Both of these are valid displays of the same information, but they are two different stories using the same starting data. As a journalist, the most imporatant aspect of working with the data is that you first choose the story you are interested in telling. Is if which month is the best for business or is it which store is the flagship? This is just a simple example, but it is really the whole focus of data journalism, asking the right question before getting too far. The story will guide the choose of visualization.

The bar chart and line graph are really the bread and butter of any data journalist. From there you can expand into histograms, horizon graphs, sparklines, stream graphs, and others which all share similar properties and are suited for slightly different situations, including the amount of data or data sources and location of the graphic in terms of the text.

In journalism, one of the very commonly used charting features is a map. Time, amount and geography are common to maps. We always want to know how much is on one area versus another or how the data flows from one area to another. Flow diagrams and choropleths are very useful tools to have in your skill set when dealing with visualization for journalism. Knowing how to color-code a map properly without misrepresenting or misleading readers is key. Political maps are usually color-coded as all or nothing for certain regions, even if on part of the country only won by 1%. Coloring does not have to be a binary choice, gradients of color based on groups can be used with care. Understanding maps is a large part of journalism. Maps easily answer the WHERE part of the 5 w’s.

Once you have mastered the basic type of charts and graphs can you then begin to build-up more fancilful data visualizations. If you don’t understand the basics, then you are building on a shaky foundation. In much the way you learn how to be a good writer, keeping sentences short, keep the audience in mind, and not over complicating things to make yourself sound smart, but rather convey meaning to the reader. You shouldn’t go overboard with the data either. Starting small is the most effective way to tell the story, slowly building only when needed.

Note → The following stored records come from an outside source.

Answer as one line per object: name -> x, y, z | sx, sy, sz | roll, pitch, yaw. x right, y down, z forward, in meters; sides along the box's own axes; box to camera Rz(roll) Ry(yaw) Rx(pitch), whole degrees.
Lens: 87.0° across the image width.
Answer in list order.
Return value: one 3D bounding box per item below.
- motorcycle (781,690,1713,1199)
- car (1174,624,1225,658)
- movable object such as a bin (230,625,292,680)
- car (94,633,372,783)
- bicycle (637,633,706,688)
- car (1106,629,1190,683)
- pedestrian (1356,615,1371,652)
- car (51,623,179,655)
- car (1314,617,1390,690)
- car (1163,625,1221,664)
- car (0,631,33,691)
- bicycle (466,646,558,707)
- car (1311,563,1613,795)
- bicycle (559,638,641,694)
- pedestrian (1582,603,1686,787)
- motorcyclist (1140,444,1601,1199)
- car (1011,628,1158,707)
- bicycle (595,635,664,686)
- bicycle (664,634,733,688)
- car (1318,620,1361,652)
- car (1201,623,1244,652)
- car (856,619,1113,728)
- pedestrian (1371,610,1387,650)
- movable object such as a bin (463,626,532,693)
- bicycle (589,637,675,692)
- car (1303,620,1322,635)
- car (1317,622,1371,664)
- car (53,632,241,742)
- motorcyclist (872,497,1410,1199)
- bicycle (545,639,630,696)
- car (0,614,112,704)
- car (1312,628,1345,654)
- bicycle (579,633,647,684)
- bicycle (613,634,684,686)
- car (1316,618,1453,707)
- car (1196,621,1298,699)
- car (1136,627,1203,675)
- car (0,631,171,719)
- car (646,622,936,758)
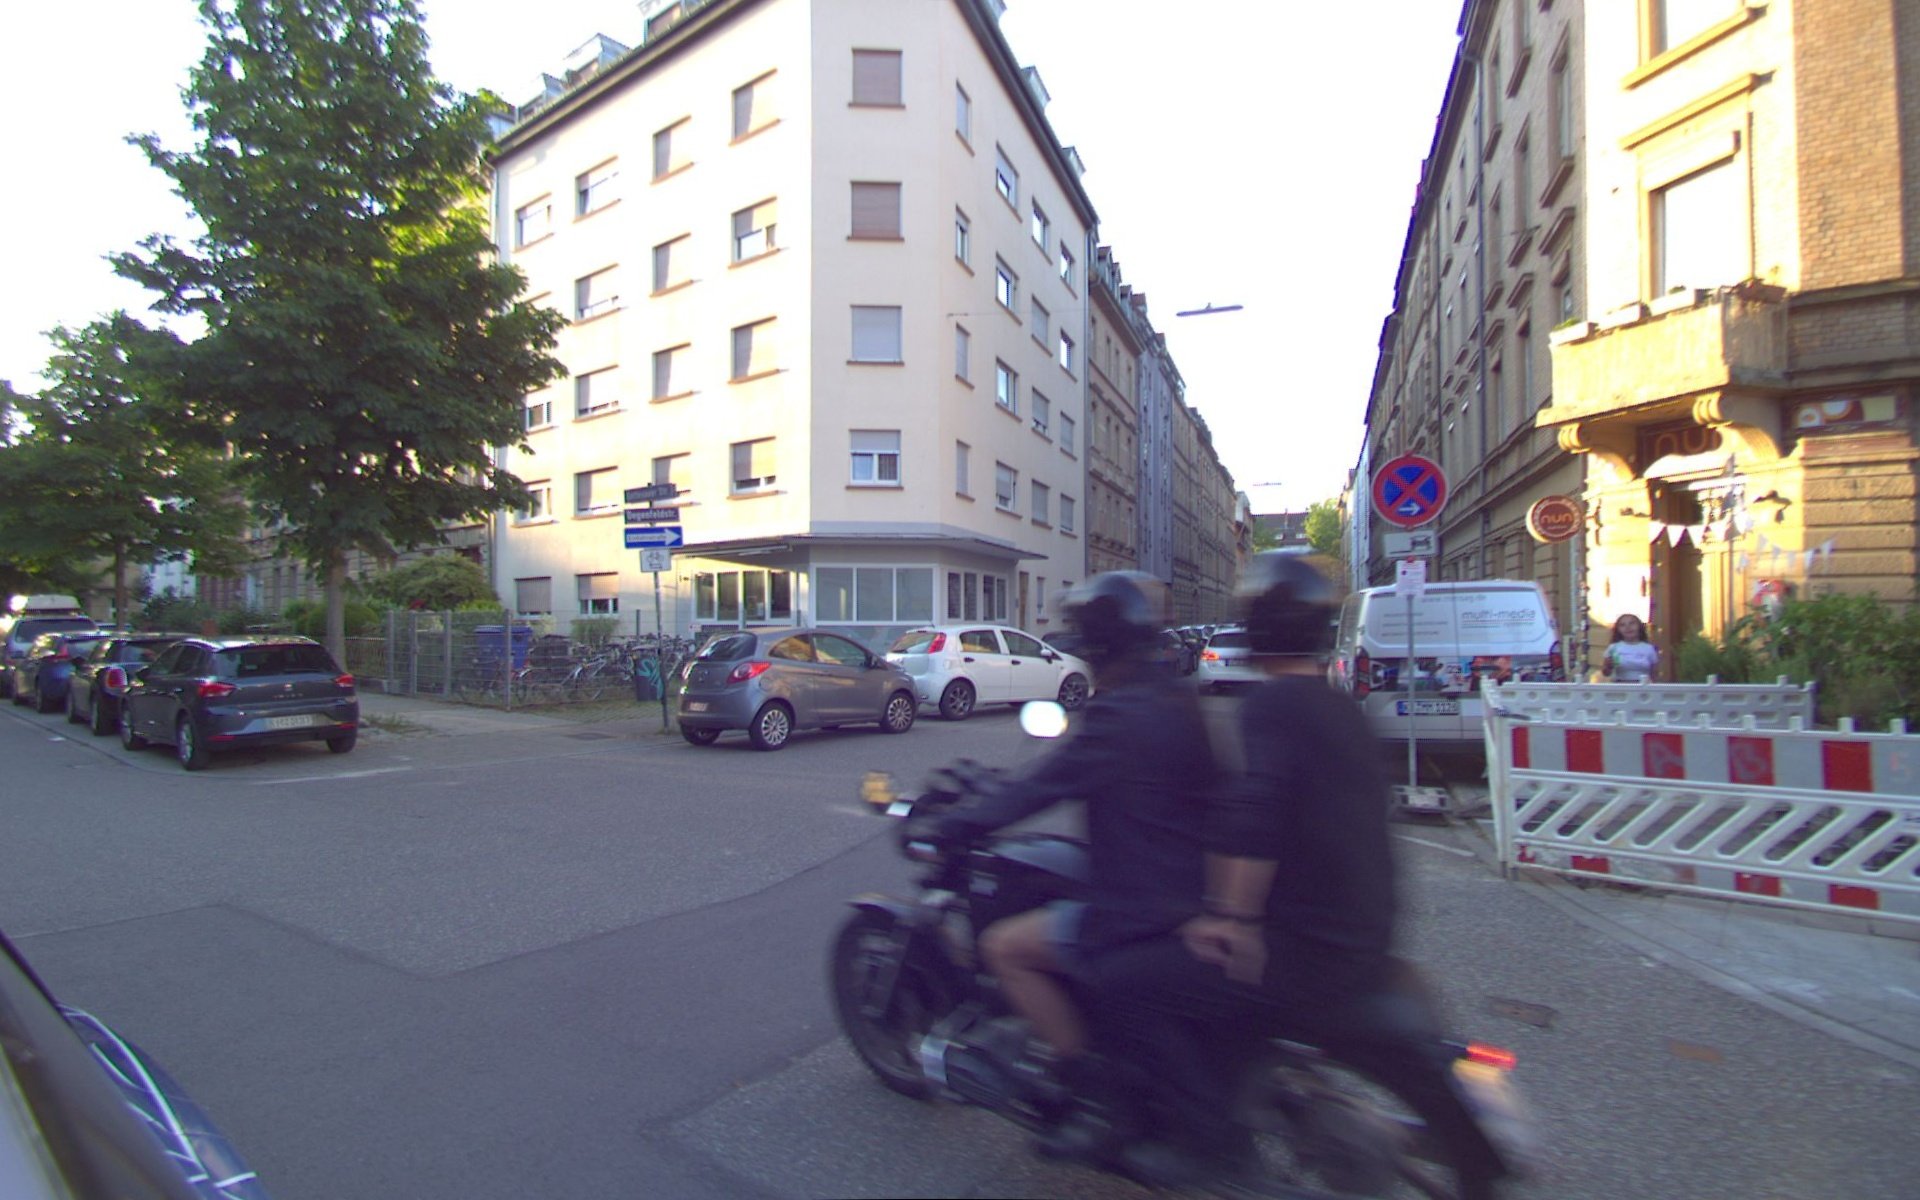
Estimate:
motorcycle -> 0.471, 0.884, 2.484 | 0.835, 1.218, 2.078 | 4, -4, -40
car -> 10.385, 1.758, 43.777 | 1.808, 1.418, 3.976 | -1, -2, 18
movable object such as a bin -> -18.739, 1.381, 27.126 | 1.549, 1.398, 0.937 | -1, 0, 37
car -> -9.062, 1.177, 12.475 | 4.458, 1.473, 1.658 | -1, -1, 39
bicycle -> -6.502, 1.350, 22.861 | 0.499, 1.150, 1.531 | -1, 0, 34
car -> 5.458, 1.561, 29.017 | 1.859, 1.419, 3.976 | -1, -2, 18
pedestrian -> 18.690, 1.545, 46.876 | 0.589, 1.699, 0.495 | -1, 0, 18
car -> -38.949, 1.780, 46.729 | 1.625, 1.351, 4.356 | -1, -1, 41
car -> 9.557, 1.272, 24.876 | 1.572, 1.635, 3.974 | -1, -2, 19
car -> 8.902, 1.671, 38.704 | 1.808, 1.418, 3.976 | -1, -2, 18
car -> -25.614, 1.568, 26.246 | 4.019, 1.452, 1.711 | -1, -1, 39
bicycle -> -8.440, 1.412, 19.040 | 1.927, 1.033, 0.681 | -1, 0, 35
car -> 5.304, 0.748, 11.559 | 2.190, 1.990, 5.265 | -1, -2, 17
bicycle -> -7.423, 1.350, 20.892 | 1.528, 1.100, 0.500 | -1, 0, 3
pedestrian -> 6.315, 0.852, 9.519 | 0.708, 1.630, 0.779 | -1, 0, 28
motorcyclist -> 0.839, 0.554, 2.031 | 0.777, 1.552, 0.546 | 4, -4, -40
car -> 2.683, 1.326, 20.966 | 1.986, 1.450, 4.047 | -1, -2, 23
bicycle -> -7.715, 1.398, 23.666 | 0.499, 1.100, 1.531 | -1, 0, 34
bicycle -> -5.792, 1.337, 22.471 | 0.499, 1.100, 1.531 | -1, 0, 34
car -> 19.224, 1.824, 51.424 | 1.875, 1.569, 3.975 | -1, -2, 19
car -> 13.574, 1.937, 52.252 | 1.914, 1.418, 3.976 | -1, -2, 18
car -> 0.475, 1.140, 17.171 | 4.007, 1.520, 1.978 | -1, 0, -38
pedestrian -> 19.242, 1.392, 46.514 | 0.589, 1.820, 0.495 | -1, 0, 18
movable object such as a bin -> -9.977, 1.259, 21.837 | 1.398, 1.362, 0.857 | -1, 0, 42
bicycle -> -6.901, 1.358, 21.311 | 1.689, 1.100, 0.384 | -1, 0, 4
car -> 35.258, 2.718, 101.292 | 1.774, 1.470, 3.974 | -1, -2, 19
car -> 14.509, 1.604, 38.359 | 1.774, 1.470, 3.974 | -1, -2, 19
car -> -12.873, 1.260, 15.931 | 4.142, 1.431, 1.723 | -1, -1, 43
motorcyclist -> 0.442, 0.594, 2.549 | 0.878, 1.516, 0.971 | 4, -4, -40
bicycle -> -7.497, 1.354, 20.377 | 1.528, 1.100, 0.500 | -1, 0, 3
car -> -20.602, 1.235, 22.524 | 4.618, 1.792, 1.843 | -1, -1, 39
car -> 22.055, 2.426, 60.627 | 1.774, 1.470, 3.974 | -1, -2, 19
bicycle -> -8.210, 1.366, 23.970 | 0.499, 1.100, 1.531 | -1, 0, 34
bicycle -> -7.165, 1.363, 23.354 | 0.499, 1.100, 1.617 | -1, 0, 34
car -> 8.324, 1.180, 20.209 | 2.005, 1.583, 3.899 | -1, -2, 16
car -> 6.515, 1.269, 22.666 | 1.808, 1.534, 4.566 | 0, -2, 21
car -> 7.055, 1.661, 33.779 | 1.773, 1.478, 3.976 | -1, -2, 18
car -> -16.789, 1.336, 19.280 | 4.586, 1.423, 1.843 | -1, -1, 39
car -> -2.160, 1.087, 13.548 | 1.843, 1.519, 3.471 | -2, -2, 39

Vigorous writing is concise. A sentence should contain no unnecessary words, a paragraph no unnecessary sentences, for the same reason that a drawing should have no unnecessary lines and a machine no unnecessary parts. This requires not that the writer make all his sentences short, or that he avoid all detail and treat his subjects only in outline, but that every word tell.
—Strunk, William, Jr. 1918. Elements of Style

It is ok to not use every piece of data in your story. You shouldn’t have to ask permission to be concise, it should be the rule.